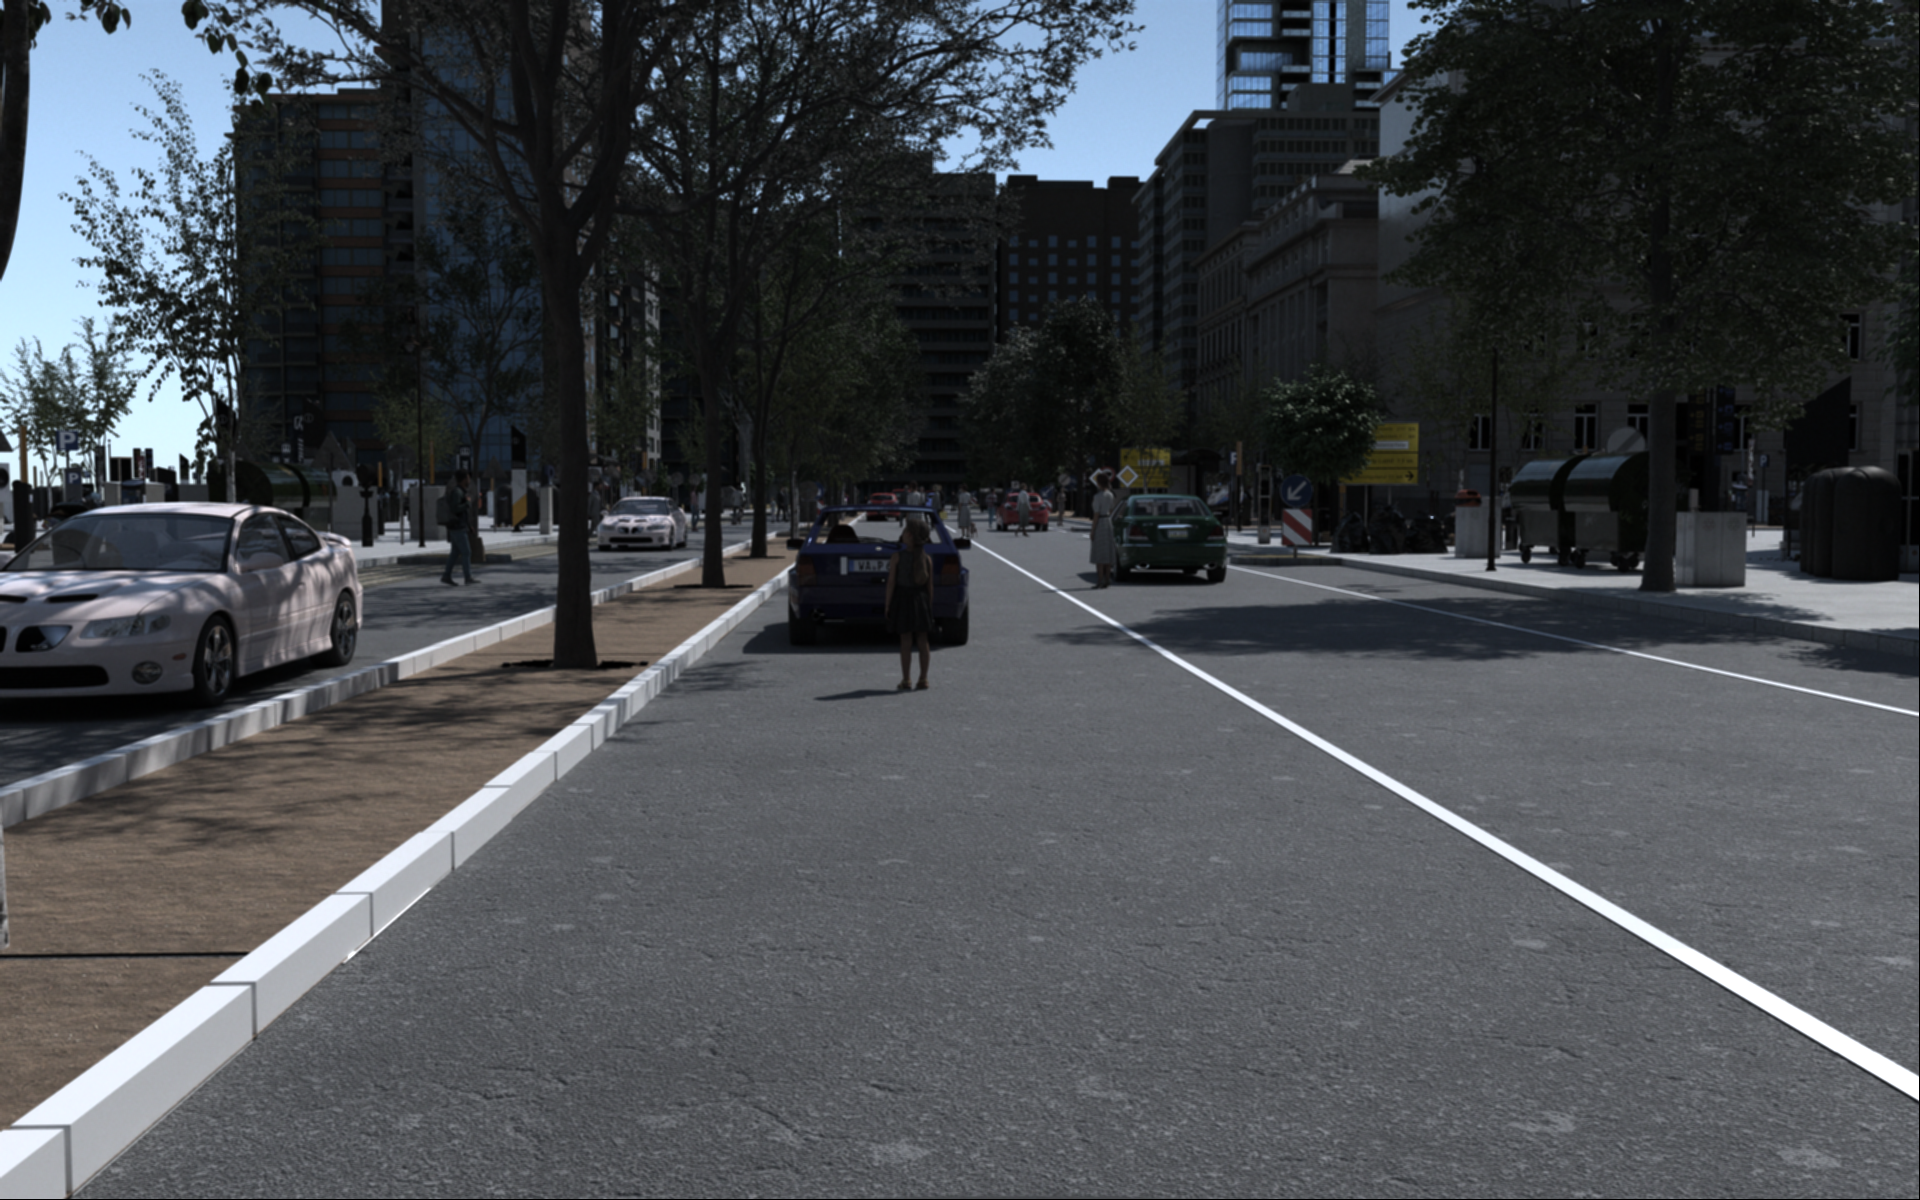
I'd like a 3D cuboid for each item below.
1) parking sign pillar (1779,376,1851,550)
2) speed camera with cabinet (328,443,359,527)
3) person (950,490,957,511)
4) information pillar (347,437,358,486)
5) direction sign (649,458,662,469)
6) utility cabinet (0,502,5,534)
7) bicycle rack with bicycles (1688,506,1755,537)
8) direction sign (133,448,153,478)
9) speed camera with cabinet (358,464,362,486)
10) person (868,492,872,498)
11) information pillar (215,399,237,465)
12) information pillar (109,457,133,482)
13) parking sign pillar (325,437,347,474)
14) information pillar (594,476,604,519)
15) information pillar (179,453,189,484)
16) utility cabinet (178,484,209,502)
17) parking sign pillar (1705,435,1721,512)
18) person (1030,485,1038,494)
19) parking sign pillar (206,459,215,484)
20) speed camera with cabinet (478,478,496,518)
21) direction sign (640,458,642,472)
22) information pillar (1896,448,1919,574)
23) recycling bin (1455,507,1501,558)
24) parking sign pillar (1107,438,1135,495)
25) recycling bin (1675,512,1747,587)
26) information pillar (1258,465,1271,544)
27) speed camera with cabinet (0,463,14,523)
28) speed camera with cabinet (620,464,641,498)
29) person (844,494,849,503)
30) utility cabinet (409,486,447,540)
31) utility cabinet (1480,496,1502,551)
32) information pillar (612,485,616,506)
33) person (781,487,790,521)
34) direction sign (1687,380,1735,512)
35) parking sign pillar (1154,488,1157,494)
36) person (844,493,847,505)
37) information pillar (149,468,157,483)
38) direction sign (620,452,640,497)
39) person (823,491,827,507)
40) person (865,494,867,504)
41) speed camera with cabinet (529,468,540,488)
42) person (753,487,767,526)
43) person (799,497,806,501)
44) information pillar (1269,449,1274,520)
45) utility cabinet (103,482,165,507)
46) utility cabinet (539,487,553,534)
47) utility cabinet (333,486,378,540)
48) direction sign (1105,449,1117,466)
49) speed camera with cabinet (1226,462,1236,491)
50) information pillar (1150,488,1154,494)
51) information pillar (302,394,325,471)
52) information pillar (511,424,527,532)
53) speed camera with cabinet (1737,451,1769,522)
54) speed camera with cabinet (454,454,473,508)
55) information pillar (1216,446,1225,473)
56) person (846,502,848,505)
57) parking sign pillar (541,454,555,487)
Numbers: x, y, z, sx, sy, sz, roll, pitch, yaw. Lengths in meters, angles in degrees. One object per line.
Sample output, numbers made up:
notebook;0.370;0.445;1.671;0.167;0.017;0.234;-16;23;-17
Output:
parking sign pillar;19.686;-3.140;39.811;1.447;3.967;1.447;2;4;24
speed camera with cabinet;-24.406;-4.445;67.015;0.660;3.252;2.038;2;4;25
person;-0.491;-8.157;142.673;0.445;1.727;0.742;2;4;26
information pillar;-24.990;-4.886;71.236;0.504;3.616;0.183;2;4;24
direction sign;-19.251;-7.192;109.588;0.876;3.537;0.379;1;4;11
utility cabinet;-30.355;-2.808;54.594;0.318;1.500;1.173;-2;4;-24
bicycle rack with bicycles;22.217;-2.322;51.352;2.852;0.926;2.925;3;4;37
direction sign;-40.407;-5.734;85.744;0.876;3.537;0.379;-2;4;-27
speed camera with cabinet;-39.992;-7.267;113.146;2.038;3.252;0.660;-1;4;-16
person;-10.201;-11.398;196.325;0.415;1.643;0.593;-2;4;-31
information pillar;-17.500;-3.057;41.335;0.504;3.616;0.183;-3;5;-43
information pillar;-16.683;-1.835;34.487;0.304;2.012;0.304;2;4;28
parking sign pillar;-29.682;-5.712;81.863;1.447;3.967;1.447;0;4;5
information pillar;-14.828;-4.077;71.152;0.304;2.012;0.304;-3;5;-45
information pillar;-44.167;-6.561;98.632;0.504;3.616;0.183;-1;4;-20
utility cabinet;-17.183;-1.818;38.411;0.318;1.500;1.173;3;5;43
parking sign pillar;34.605;-5.576;79.641;1.447;3.967;1.447;1;4;15
person;3.450;-4.518;82.149;0.659;1.850;0.755;2;4;26
parking sign pillar;-42.357;-6.758;98.965;1.447;3.967;1.447;-3;5;-44
speed camera with cabinet;-25.904;-6.139;94.716;2.038;3.252;0.660;-1;4;-16
direction sign;-20.447;-7.221;110.063;0.876;3.537;0.379;1;4;12
information pillar;15.347;-1.438;28.002;0.304;2.012;0.304;-1;4;-15
recycling bin;10.445;-1.369;34.931;0.722;1.027;0.722;0;4;-2
parking sign pillar;7.814;-5.850;84.119;1.447;3.967;1.447;2;4;30
recycling bin;10.539;-0.720;24.323;0.722;1.027;0.722;0;4;0
information pillar;7.834;-2.452;44.588;0.304;2.012;0.304;0;4;4
speed camera with cabinet;-41.978;-5.004;76.158;0.660;3.252;2.038;0;4;7
speed camera with cabinet;-21.578;-7.289;113.511;0.660;3.252;2.038;1;4;16
person;-9.592;-8.343;148.137;0.991;1.433;0.599;-1;4;-19
utility cabinet;-14.718;-2.399;47.895;1.173;1.500;0.318;2;4;32
utility cabinet;12.158;-1.742;39.643;0.306;1.237;1.020;0;4;8
information pillar;-26.721;-7.894;133.551;0.304;2.012;0.304;-2;4;-30
person;-9.167;-5.013;90.641;0.526;1.800;0.537;-1;4;-13
direction sign;15.040;-2.615;34.751;0.876;3.537;0.379;2;4;34
parking sign pillar;15.436;-9.180;138.566;1.447;3.967;1.447;1;4;19
person;-10.650;-9.138;157.845;1.348;1.831;0.705;-1;4;-17
information pillar;-22.798;-2.736;49.221;0.304;2.012;0.304;2;4;27
direction sign;-17.927;-6.208;93.490;0.876;3.537;0.379;-3;4;-38
person;-14.769;-11.202;192.472;1.217;1.723;0.721;2;4;27
person;-10.196;-10.776;187.953;0.557;1.426;1.065;1;4;9
speed camera with cabinet;-32.786;-8.412;131.874;0.660;3.252;2.038;1;4;20
person;-8.894;-4.177;76.978;0.592;1.802;0.473;-1;4;-15
person;-9.409;-5.790;104.174;0.522;1.701;0.512;1;4;13
information pillar;15.157;-5.687;84.338;0.183;3.616;0.504;2;4;27
utility cabinet;-14.869;-1.381;31.255;0.318;1.500;1.173;1;4;16
utility cabinet;-13.198;-2.844;55.174;0.318;1.500;1.173;0;4;-8
utility cabinet;-16.792;-2.411;48.101;1.173;1.500;0.318;-1;4;-19
direction sign;7.591;-5.799;86.803;0.876;3.537;0.379;-2;4;-34
speed camera with cabinet;17.339;-7.249;112.850;0.660;3.252;2.038;1;4;19
information pillar;12.679;-6.763;115.068;0.304;2.012;0.304;3;4;36
information pillar;-15.148;-3.012;40.601;0.504;3.616;0.183;-1;4;-9
information pillar;-14.761;-4.071;57.921;0.504;3.616;0.183;-1;4;-15
speed camera with cabinet;36.325;-5.201;79.366;0.660;3.252;2.038;0;4;-1
speed camera with cabinet;-25.057;-5.572;85.441;0.660;3.252;2.038;2;4;25
information pillar;12.727;-5.702;84.574;0.504;3.616;0.183;-2;4;-31
person;-8.518;-7.745;135.112;0.713;1.824;0.794;2;4;26
parking sign pillar;-27.708;-7.835;116.567;1.447;3.967;1.447;1;4;9
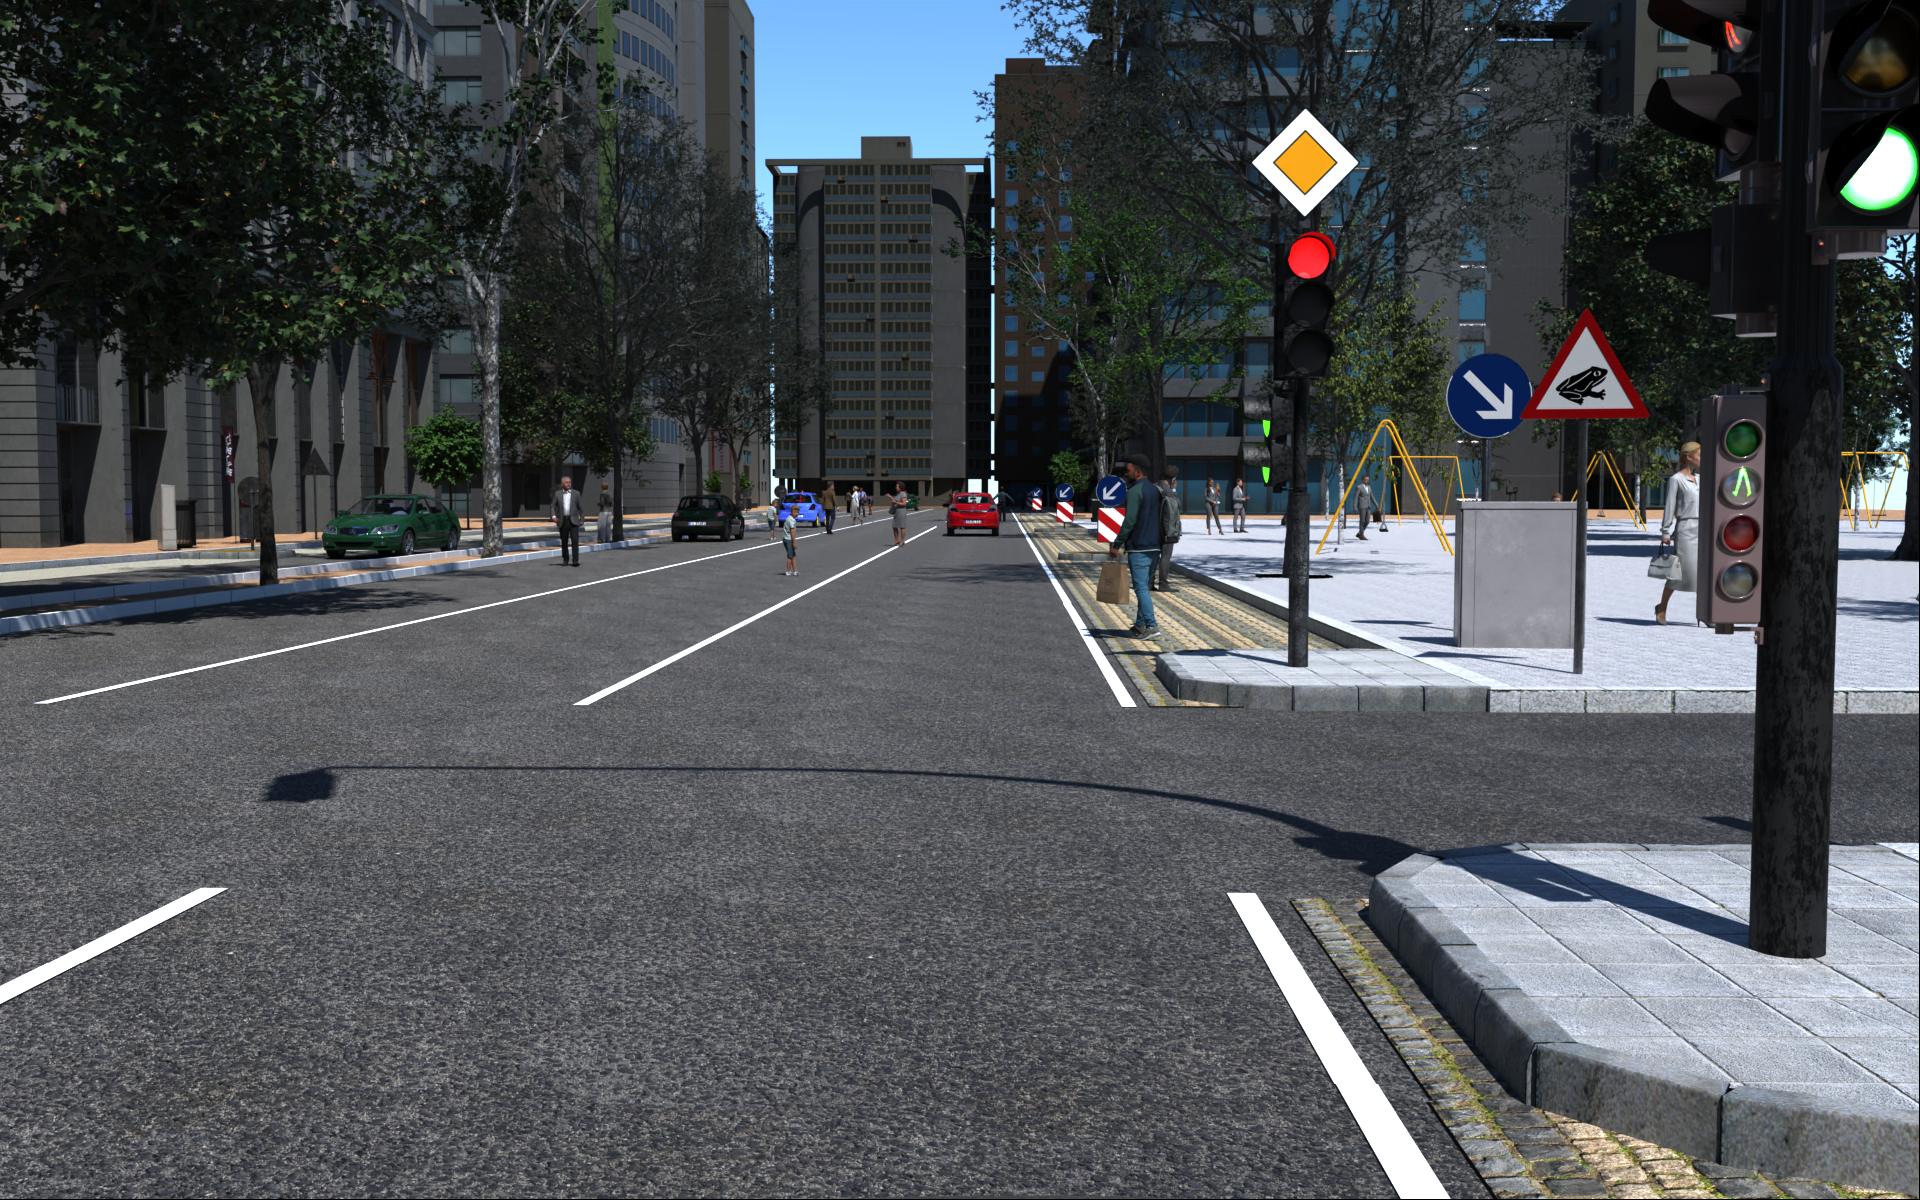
====
Instructions to follow:
Beginning at the line above that contains "Numbers: x, y, z, sx, sy, sz, roll, pitch, yaw.", return each line exactly through the line that contains "notebook;0.370;0.445;1.671;0.167;0.017;0.234;-16;23;-17", and no others.

Answer:
Numbers: x, y, z, sx, sy, sz, roll, pitch, yaw. Lengths in meters, angles in degrees. One object per line.
Sample output, numbers made up:
notebook;0.370;0.445;1.671;0.167;0.017;0.234;-16;23;-17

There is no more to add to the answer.